PhenoTips’ core software enables deep phenotyping with the HPO

Natural Language Processing, a simple and predictive term search, and gene and diagnosis suggestions based on HPO profiles, all at your fingertips.

Following our Speaker Series “The Importance of Deep Phenotyping in Precision Medicine” in which HPO founder Prof. Dr. Peter Robinson discussed the HPO’s applications in genomic analysis and precision medicine, PhenoTips spoke with HPO founder Dr. Sebastian Köhler about the future of the HPO.

Over the past decade the HPO has grown in both application and annotations, with thousands of new HPO terms added in the last year alone. The majority of these applications focus on rare disease, and Dr. Köhler foresees that rare disease would continue to be the focus in the coming years, with knowledge from rare disease research applied to more common conditions.

“From what I hear from the rare disease community in Europe, people are very interested in supporting newborn screening,” says Dr. Köhler. “I think that structured data like encoded HPO or SNOMED, or whatever standard is en vogue, will play a key role [in newborn screening]. But to be honest, I’m rather sure it is especially going to be HPO because only HPO has the built-in feature to act as a bridge between the clinical features and the molecular genetics knowledge.”

Secondarily, Dr. Köhler notes that the HPO will play an increasingly important role in rare disease matchmaking and cohort identification. “In order to publish a report on a new gene or a new rare disease you need a minimum amount of affected cases or families, and the rarer the disease is the harder it will be to find those patients. In order to automatically identify patients with a shared phenotypic representation across the globe, you need data standards that work out of the box around the globe, as well as the exchange format and protocols. Hence, I think stratification and cohort identification is going to be an important topic, not only for rare disease but also for the pharma industry, for example, to identify homogeneous cohorts across the globe.”

Aside from the obvious research applications, the HPO has incredible functionality in clinical care. While some countries, such as the UK, are making a concerted effort to integrate HPO utilization into clinical workflows, others have been slow to adopt the standardized language. In Germany, for example, Dr. Köhler notes that the use of Orphanet codes in clinical care has only recently become standard practice, and it is a much simpler task to code a diagnosis when compared to the complexity of capturing the complete phenotypic presentation of a patient in HPO terms.
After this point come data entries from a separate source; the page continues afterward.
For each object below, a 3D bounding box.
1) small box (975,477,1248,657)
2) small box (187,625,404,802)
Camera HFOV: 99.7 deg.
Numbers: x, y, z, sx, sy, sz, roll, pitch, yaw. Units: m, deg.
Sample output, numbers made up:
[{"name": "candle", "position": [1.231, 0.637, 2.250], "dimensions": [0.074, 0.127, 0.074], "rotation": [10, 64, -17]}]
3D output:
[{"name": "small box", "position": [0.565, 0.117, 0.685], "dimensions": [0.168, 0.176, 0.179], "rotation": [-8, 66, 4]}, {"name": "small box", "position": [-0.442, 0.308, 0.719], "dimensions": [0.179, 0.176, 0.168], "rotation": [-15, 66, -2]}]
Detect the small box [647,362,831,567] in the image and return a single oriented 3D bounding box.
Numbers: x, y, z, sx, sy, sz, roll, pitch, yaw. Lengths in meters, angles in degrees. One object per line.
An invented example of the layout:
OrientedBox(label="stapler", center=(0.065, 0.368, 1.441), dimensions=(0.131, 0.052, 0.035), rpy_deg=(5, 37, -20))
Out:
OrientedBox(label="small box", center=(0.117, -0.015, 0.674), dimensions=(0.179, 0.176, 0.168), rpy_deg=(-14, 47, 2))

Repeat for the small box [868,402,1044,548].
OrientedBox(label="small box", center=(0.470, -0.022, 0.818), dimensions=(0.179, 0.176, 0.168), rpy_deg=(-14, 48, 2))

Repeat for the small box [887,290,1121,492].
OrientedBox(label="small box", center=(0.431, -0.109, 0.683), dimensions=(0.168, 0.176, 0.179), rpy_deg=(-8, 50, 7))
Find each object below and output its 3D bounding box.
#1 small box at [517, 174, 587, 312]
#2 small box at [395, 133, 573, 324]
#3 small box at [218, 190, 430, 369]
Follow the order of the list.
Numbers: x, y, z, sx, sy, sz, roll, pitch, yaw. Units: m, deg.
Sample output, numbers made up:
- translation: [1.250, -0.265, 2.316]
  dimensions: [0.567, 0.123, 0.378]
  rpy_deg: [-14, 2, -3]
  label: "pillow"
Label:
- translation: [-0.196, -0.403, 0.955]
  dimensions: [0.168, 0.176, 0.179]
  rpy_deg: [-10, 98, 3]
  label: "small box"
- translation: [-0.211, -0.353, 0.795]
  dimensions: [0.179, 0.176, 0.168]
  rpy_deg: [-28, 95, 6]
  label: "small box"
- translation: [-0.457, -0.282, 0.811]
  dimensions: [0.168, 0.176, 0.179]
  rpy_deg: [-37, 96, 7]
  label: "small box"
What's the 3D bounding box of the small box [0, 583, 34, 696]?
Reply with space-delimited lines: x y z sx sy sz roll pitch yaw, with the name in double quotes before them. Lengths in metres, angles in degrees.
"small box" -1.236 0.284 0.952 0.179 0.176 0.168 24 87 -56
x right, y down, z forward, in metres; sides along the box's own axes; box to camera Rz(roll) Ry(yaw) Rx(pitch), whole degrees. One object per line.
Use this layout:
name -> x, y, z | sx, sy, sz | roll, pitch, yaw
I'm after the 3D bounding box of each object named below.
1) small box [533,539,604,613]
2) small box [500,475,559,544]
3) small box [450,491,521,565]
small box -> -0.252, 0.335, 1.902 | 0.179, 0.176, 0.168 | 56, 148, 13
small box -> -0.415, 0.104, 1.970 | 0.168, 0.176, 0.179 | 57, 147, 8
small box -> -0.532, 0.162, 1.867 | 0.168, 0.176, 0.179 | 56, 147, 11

“I think it’s just a lot of work.” He hypothesizes, “Given you already know the diagnosis of the patient and you want to code this using the Orphanet codes, that’s not a lot of work. But reporting the full clinical spectrum of a patient is different, and if you do it you should do it right. It’s probably about 5 to 15 HPO terms that you would have to assign, it’s a lot of work.”

This bottleneck could be reduced with the use of software that performs Natural Language Processing (NLP) on clinical notes, pulling HPO terms from free-text, however, Dr. Köhler notes that so far NLP, although improved, has not delivered.

“We cannot entirely blame NLP here, it’s also the way medical texts are written,” says Dr. Köhler, “I haven’t read a lot of clinical letters but the ones I’ve seen are very complex. What I’ve seen in the clinical letters is very often that one sentence in the beginning of the paragraph is later referred to, so you need to have the information from the first sentence in order to really understand the later sentence for example, or paragraphs are providing context to a later paragraph.”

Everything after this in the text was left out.